**EXTRACTED ENTRIES:**
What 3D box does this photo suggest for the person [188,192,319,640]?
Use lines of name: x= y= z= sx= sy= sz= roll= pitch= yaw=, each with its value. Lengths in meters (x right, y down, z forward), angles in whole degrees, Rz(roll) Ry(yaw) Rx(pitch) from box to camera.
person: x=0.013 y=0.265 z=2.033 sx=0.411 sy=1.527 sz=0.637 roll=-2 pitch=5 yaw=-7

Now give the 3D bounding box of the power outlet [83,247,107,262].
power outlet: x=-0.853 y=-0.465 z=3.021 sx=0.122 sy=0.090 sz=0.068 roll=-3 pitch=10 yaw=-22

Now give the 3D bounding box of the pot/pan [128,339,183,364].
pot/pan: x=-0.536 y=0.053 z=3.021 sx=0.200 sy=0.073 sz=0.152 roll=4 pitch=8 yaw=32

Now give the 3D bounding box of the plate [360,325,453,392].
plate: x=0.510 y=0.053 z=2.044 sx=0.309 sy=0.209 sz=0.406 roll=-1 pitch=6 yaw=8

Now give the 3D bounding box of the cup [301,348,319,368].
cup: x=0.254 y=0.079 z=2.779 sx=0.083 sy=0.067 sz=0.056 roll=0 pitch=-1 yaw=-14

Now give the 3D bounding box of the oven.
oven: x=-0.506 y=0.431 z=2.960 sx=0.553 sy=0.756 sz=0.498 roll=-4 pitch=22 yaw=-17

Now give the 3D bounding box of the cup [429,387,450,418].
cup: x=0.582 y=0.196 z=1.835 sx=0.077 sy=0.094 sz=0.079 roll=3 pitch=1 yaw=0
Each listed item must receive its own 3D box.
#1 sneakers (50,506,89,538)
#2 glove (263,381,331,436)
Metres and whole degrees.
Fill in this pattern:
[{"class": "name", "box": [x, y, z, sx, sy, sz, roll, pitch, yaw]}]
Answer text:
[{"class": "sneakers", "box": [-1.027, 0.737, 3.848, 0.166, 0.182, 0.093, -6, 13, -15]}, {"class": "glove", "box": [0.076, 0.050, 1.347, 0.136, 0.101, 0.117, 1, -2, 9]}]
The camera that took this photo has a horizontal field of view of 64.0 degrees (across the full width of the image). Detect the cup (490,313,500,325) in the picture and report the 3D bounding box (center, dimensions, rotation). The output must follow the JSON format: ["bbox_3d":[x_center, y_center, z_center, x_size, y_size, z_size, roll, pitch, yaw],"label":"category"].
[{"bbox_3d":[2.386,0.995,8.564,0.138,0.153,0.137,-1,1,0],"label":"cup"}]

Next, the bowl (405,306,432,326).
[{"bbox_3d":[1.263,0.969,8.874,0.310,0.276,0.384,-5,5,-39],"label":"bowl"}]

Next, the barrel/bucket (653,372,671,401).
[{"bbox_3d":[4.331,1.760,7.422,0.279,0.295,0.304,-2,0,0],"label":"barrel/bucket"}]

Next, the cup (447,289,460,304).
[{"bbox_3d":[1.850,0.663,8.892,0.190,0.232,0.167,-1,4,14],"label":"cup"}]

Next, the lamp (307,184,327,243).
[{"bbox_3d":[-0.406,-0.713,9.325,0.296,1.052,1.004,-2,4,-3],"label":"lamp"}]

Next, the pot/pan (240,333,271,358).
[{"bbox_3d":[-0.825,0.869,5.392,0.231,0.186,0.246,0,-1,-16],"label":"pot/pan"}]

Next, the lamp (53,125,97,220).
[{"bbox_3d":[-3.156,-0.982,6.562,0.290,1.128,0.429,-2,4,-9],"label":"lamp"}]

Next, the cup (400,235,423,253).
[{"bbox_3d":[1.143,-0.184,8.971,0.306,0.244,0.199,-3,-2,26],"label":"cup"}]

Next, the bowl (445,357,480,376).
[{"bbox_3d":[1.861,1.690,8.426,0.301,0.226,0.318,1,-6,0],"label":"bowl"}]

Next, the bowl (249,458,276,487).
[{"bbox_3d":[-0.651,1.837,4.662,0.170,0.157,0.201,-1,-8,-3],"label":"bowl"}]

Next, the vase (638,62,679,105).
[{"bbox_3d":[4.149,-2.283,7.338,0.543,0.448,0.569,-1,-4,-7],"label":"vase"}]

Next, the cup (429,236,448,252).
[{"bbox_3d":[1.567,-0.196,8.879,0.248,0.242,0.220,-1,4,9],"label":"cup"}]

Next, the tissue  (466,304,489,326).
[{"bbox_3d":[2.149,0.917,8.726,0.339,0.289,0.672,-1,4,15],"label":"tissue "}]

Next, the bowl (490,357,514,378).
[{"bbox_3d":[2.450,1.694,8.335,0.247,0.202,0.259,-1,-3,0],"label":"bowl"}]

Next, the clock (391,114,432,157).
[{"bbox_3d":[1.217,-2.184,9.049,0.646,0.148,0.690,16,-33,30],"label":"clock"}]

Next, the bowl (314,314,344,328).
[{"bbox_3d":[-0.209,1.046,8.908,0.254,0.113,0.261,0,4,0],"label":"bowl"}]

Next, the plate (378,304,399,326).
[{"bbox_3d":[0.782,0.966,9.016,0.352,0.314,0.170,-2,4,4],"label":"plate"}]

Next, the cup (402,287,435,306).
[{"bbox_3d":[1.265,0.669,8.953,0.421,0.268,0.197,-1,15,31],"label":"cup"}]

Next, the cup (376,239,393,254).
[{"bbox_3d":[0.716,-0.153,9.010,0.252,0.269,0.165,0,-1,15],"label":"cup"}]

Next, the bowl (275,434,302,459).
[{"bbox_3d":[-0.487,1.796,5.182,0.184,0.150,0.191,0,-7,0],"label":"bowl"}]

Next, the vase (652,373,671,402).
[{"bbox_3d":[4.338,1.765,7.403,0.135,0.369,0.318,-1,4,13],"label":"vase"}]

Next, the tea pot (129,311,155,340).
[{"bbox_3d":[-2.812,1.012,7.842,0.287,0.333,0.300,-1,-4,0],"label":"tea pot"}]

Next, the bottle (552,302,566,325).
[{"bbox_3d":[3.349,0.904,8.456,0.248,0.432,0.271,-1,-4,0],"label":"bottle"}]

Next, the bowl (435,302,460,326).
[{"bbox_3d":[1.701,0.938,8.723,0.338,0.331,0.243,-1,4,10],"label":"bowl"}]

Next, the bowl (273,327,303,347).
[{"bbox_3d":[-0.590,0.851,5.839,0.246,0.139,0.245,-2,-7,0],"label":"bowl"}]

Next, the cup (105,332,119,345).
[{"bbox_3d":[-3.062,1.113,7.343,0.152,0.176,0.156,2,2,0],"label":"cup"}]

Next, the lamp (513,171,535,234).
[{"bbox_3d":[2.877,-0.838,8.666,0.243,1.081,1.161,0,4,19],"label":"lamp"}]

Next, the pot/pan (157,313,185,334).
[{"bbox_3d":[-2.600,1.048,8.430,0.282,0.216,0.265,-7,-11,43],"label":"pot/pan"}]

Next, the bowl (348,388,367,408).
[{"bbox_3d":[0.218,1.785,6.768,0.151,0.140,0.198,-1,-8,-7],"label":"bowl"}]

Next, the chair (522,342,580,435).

**WORK ORDER:** Take the material above and transcribe all of it exactly.

**YOUR SOLUTION:**
What 3D box does this photo suggest for the person [188,192,319,640]?
Use lines of name: x= y= z= sx= sy= sz= roll= pitch= yaw=, each with its value. Lengths in meters (x right, y down, z forward), angles in whole degrees, Rz(roll) Ry(yaw) Rx(pitch) from box to camera.
person: x=0.013 y=0.265 z=2.033 sx=0.411 sy=1.527 sz=0.637 roll=-2 pitch=5 yaw=-7

Now give the 3D bounding box of the power outlet [83,247,107,262].
power outlet: x=-0.853 y=-0.465 z=3.021 sx=0.122 sy=0.090 sz=0.068 roll=-3 pitch=10 yaw=-22

Now give the 3D bounding box of the pot/pan [128,339,183,364].
pot/pan: x=-0.536 y=0.053 z=3.021 sx=0.200 sy=0.073 sz=0.152 roll=4 pitch=8 yaw=32

Now give the 3D bounding box of the plate [360,325,453,392].
plate: x=0.510 y=0.053 z=2.044 sx=0.309 sy=0.209 sz=0.406 roll=-1 pitch=6 yaw=8

Now give the 3D bounding box of the cup [301,348,319,368].
cup: x=0.254 y=0.079 z=2.779 sx=0.083 sy=0.067 sz=0.056 roll=0 pitch=-1 yaw=-14

Now give the 3D bounding box of the oven.
oven: x=-0.506 y=0.431 z=2.960 sx=0.553 sy=0.756 sz=0.498 roll=-4 pitch=22 yaw=-17

Now give the 3D bounding box of the cup [429,387,450,418].
cup: x=0.582 y=0.196 z=1.835 sx=0.077 sy=0.094 sz=0.079 roll=3 pitch=1 yaw=0
Each listed item must receive its own 3D box.
#1 sneakers (50,506,89,538)
#2 glove (263,381,331,436)
Metres and whole degrees.
Fill in this pattern:
[{"class": "name", "box": [x, y, z, sx, sy, sz, roll, pitch, yaw]}]
Answer text:
[{"class": "sneakers", "box": [-1.027, 0.737, 3.848, 0.166, 0.182, 0.093, -6, 13, -15]}, {"class": "glove", "box": [0.076, 0.050, 1.347, 0.136, 0.101, 0.117, 1, -2, 9]}]
The camera that took this photo has a horizontal field of view of 64.0 degrees (across the full width of the image). Detect the cup (490,313,500,325) in the picture and report the 3D bounding box (center, dimensions, rotation). The output must follow the JSON format: ["bbox_3d":[x_center, y_center, z_center, x_size, y_size, z_size, roll, pitch, yaw],"label":"category"].
[{"bbox_3d":[2.386,0.995,8.564,0.138,0.153,0.137,-1,1,0],"label":"cup"}]

Next, the bowl (405,306,432,326).
[{"bbox_3d":[1.263,0.969,8.874,0.310,0.276,0.384,-5,5,-39],"label":"bowl"}]

Next, the barrel/bucket (653,372,671,401).
[{"bbox_3d":[4.331,1.760,7.422,0.279,0.295,0.304,-2,0,0],"label":"barrel/bucket"}]

Next, the cup (447,289,460,304).
[{"bbox_3d":[1.850,0.663,8.892,0.190,0.232,0.167,-1,4,14],"label":"cup"}]

Next, the lamp (307,184,327,243).
[{"bbox_3d":[-0.406,-0.713,9.325,0.296,1.052,1.004,-2,4,-3],"label":"lamp"}]

Next, the pot/pan (240,333,271,358).
[{"bbox_3d":[-0.825,0.869,5.392,0.231,0.186,0.246,0,-1,-16],"label":"pot/pan"}]

Next, the lamp (53,125,97,220).
[{"bbox_3d":[-3.156,-0.982,6.562,0.290,1.128,0.429,-2,4,-9],"label":"lamp"}]

Next, the cup (400,235,423,253).
[{"bbox_3d":[1.143,-0.184,8.971,0.306,0.244,0.199,-3,-2,26],"label":"cup"}]

Next, the bowl (445,357,480,376).
[{"bbox_3d":[1.861,1.690,8.426,0.301,0.226,0.318,1,-6,0],"label":"bowl"}]

Next, the bowl (249,458,276,487).
[{"bbox_3d":[-0.651,1.837,4.662,0.170,0.157,0.201,-1,-8,-3],"label":"bowl"}]

Next, the vase (638,62,679,105).
[{"bbox_3d":[4.149,-2.283,7.338,0.543,0.448,0.569,-1,-4,-7],"label":"vase"}]

Next, the cup (429,236,448,252).
[{"bbox_3d":[1.567,-0.196,8.879,0.248,0.242,0.220,-1,4,9],"label":"cup"}]

Next, the tissue  (466,304,489,326).
[{"bbox_3d":[2.149,0.917,8.726,0.339,0.289,0.672,-1,4,15],"label":"tissue "}]

Next, the bowl (490,357,514,378).
[{"bbox_3d":[2.450,1.694,8.335,0.247,0.202,0.259,-1,-3,0],"label":"bowl"}]

Next, the clock (391,114,432,157).
[{"bbox_3d":[1.217,-2.184,9.049,0.646,0.148,0.690,16,-33,30],"label":"clock"}]

Next, the bowl (314,314,344,328).
[{"bbox_3d":[-0.209,1.046,8.908,0.254,0.113,0.261,0,4,0],"label":"bowl"}]

Next, the plate (378,304,399,326).
[{"bbox_3d":[0.782,0.966,9.016,0.352,0.314,0.170,-2,4,4],"label":"plate"}]

Next, the cup (402,287,435,306).
[{"bbox_3d":[1.265,0.669,8.953,0.421,0.268,0.197,-1,15,31],"label":"cup"}]

Next, the cup (376,239,393,254).
[{"bbox_3d":[0.716,-0.153,9.010,0.252,0.269,0.165,0,-1,15],"label":"cup"}]

Next, the bowl (275,434,302,459).
[{"bbox_3d":[-0.487,1.796,5.182,0.184,0.150,0.191,0,-7,0],"label":"bowl"}]

Next, the vase (652,373,671,402).
[{"bbox_3d":[4.338,1.765,7.403,0.135,0.369,0.318,-1,4,13],"label":"vase"}]

Next, the tea pot (129,311,155,340).
[{"bbox_3d":[-2.812,1.012,7.842,0.287,0.333,0.300,-1,-4,0],"label":"tea pot"}]

Next, the bottle (552,302,566,325).
[{"bbox_3d":[3.349,0.904,8.456,0.248,0.432,0.271,-1,-4,0],"label":"bottle"}]

Next, the bowl (435,302,460,326).
[{"bbox_3d":[1.701,0.938,8.723,0.338,0.331,0.243,-1,4,10],"label":"bowl"}]

Next, the bowl (273,327,303,347).
[{"bbox_3d":[-0.590,0.851,5.839,0.246,0.139,0.245,-2,-7,0],"label":"bowl"}]

Next, the cup (105,332,119,345).
[{"bbox_3d":[-3.062,1.113,7.343,0.152,0.176,0.156,2,2,0],"label":"cup"}]

Next, the lamp (513,171,535,234).
[{"bbox_3d":[2.877,-0.838,8.666,0.243,1.081,1.161,0,4,19],"label":"lamp"}]

Next, the pot/pan (157,313,185,334).
[{"bbox_3d":[-2.600,1.048,8.430,0.282,0.216,0.265,-7,-11,43],"label":"pot/pan"}]

Next, the bowl (348,388,367,408).
[{"bbox_3d":[0.218,1.785,6.768,0.151,0.140,0.198,-1,-8,-7],"label":"bowl"}]

Next, the chair (522,342,580,435).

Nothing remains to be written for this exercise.